Ciao Minelli, ciao Matou,
A me sembra che il termine sorellastra, a differenza del francese _demi-soeur_, abbia spesso in italiano un’accezione negativa (le sorellastre di Cenerentola ). Io direi piuttosto il marito della mia mezza sorella oppure il marito della mia sorella di padre/di madre. Minelli, che ne pensi?


----------



## matoupaschat

Ciao Pernie,
Credi davvero che "il marito della mia sorellastra" possa essere capito come "il marito di mia sorella, quella brutta o cattiva", voglio dire nel contesto riportato...ehm, riportato in altri thread, anche altre sezioni?
Una cosa che volevo far notare, in fatto di ricerca nei dizionari online, è che spesso si trascura di cercare il suffisso, con una lineetta, per esempio -astro in Treccani 
Buona giornata


----------



## Pernie

Ciao Matou,
Più che far pensare a quella brutta e cattiva , mi pare sia un termine desueto che fa pensare alle favole (e qui in effetti c'è spesso una connotazione negativa) o ad un tempo lontano. Nell'italiano corrente sia scritto che orale mi sembra di trovare raramente i termini fratellastro, sorellastra o matrigna, patrigno e credo si usino piuttosto i termini sorella, mezza sorella, sorella di padre, e marito/compagno di mia madre.


----------



## Minelli

Ciao Pernie e ciao Matou
 Pernie a me "mezza sorella" suona un po' troppo francese, e credo sia un calco; mentre "sorella di padre/madre"  in italiano è usato ma credo più per esplicitare la relazione di parentela, voglio dire per spiegare "perché siamo sorellastre, chi è il genitore attraverso l quale si stabilisce la parentela", ma nel mio contesto una traduzione simile non ritengo si inserirebbe in maniera  _naturale_ nel testo, anche perché si evince dalla storia stessa com'è  che si è stabilito il legame di parentela.
Per quanto riguarda il suffisso -astro, ti ringrazio Matou! Anche io l ho  guardato ieri sera !
Grazie mille
Una domanda Matou: Ma in francese dire demi-oncle, o demi soeur ha o non ha una minima intrinseca accezione negativa? E se non ce l'ha come si esprime altrimenti?


----------



## Paulfromitaly

Pernie said:


> Ciao Matou,
> Più che far pensare a quella brutta e cattiva , mi pare sia un termine desueto che fa pensare alle favole (e qui in effetti c'è spesso una connotazione negativa) o ad un tempo lontano.
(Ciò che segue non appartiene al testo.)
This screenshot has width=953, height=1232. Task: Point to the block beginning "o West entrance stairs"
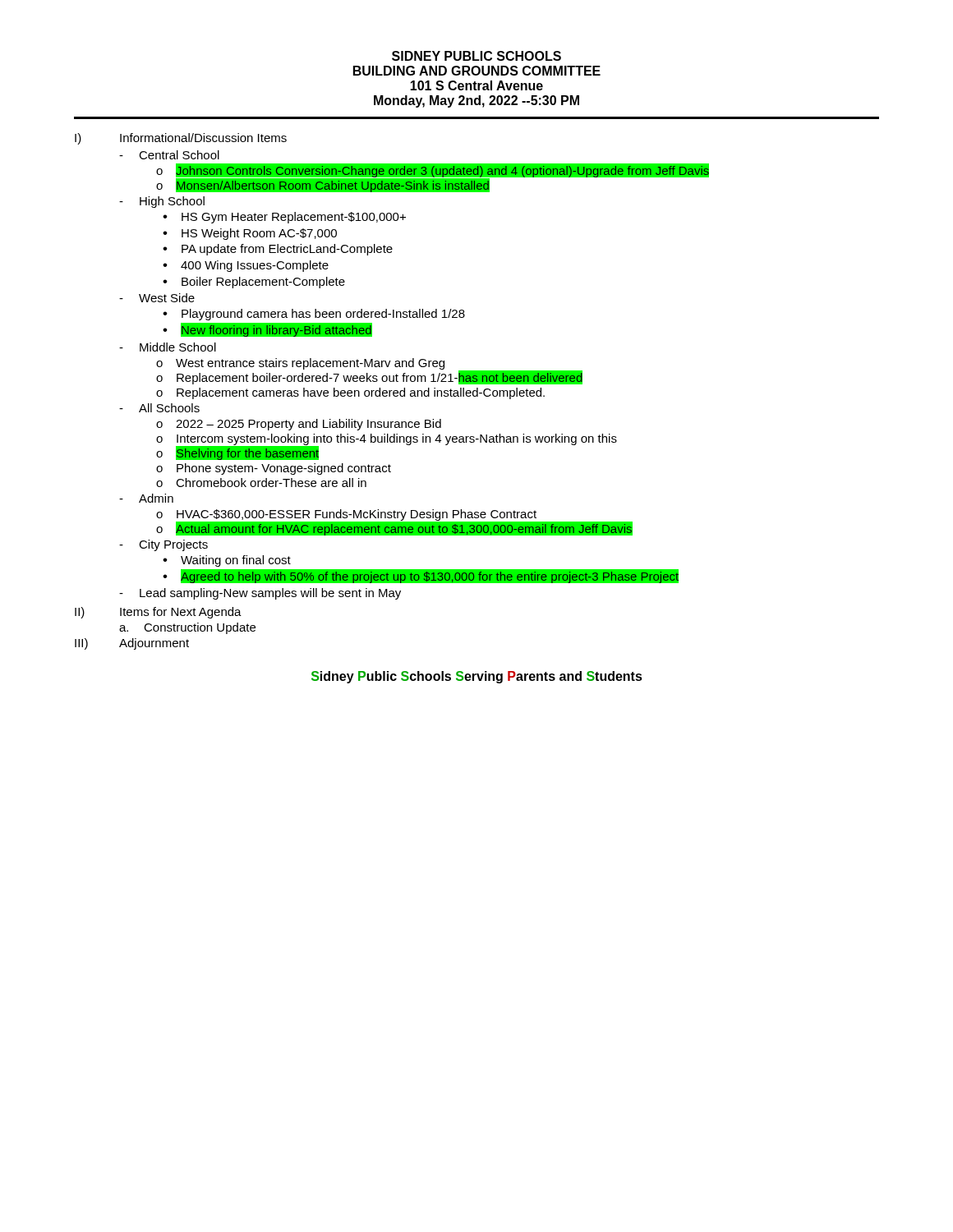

Nell'italiano corrente sia scritto che orale mi sembra di trovare raramente i termini fratellastro, sorellastra o matrigna, patrigno e credo si usino piuttosto i termini sorella, mezza sorella, sorella di padre, e marito/compagno di mia madre.


Credo di non aver mai sentito in vita mia "mezza sorella", tuttavia concordo sul fatto che "sorellastra" abbia una connotazione negativa, anche se semanticamente ingiustificata.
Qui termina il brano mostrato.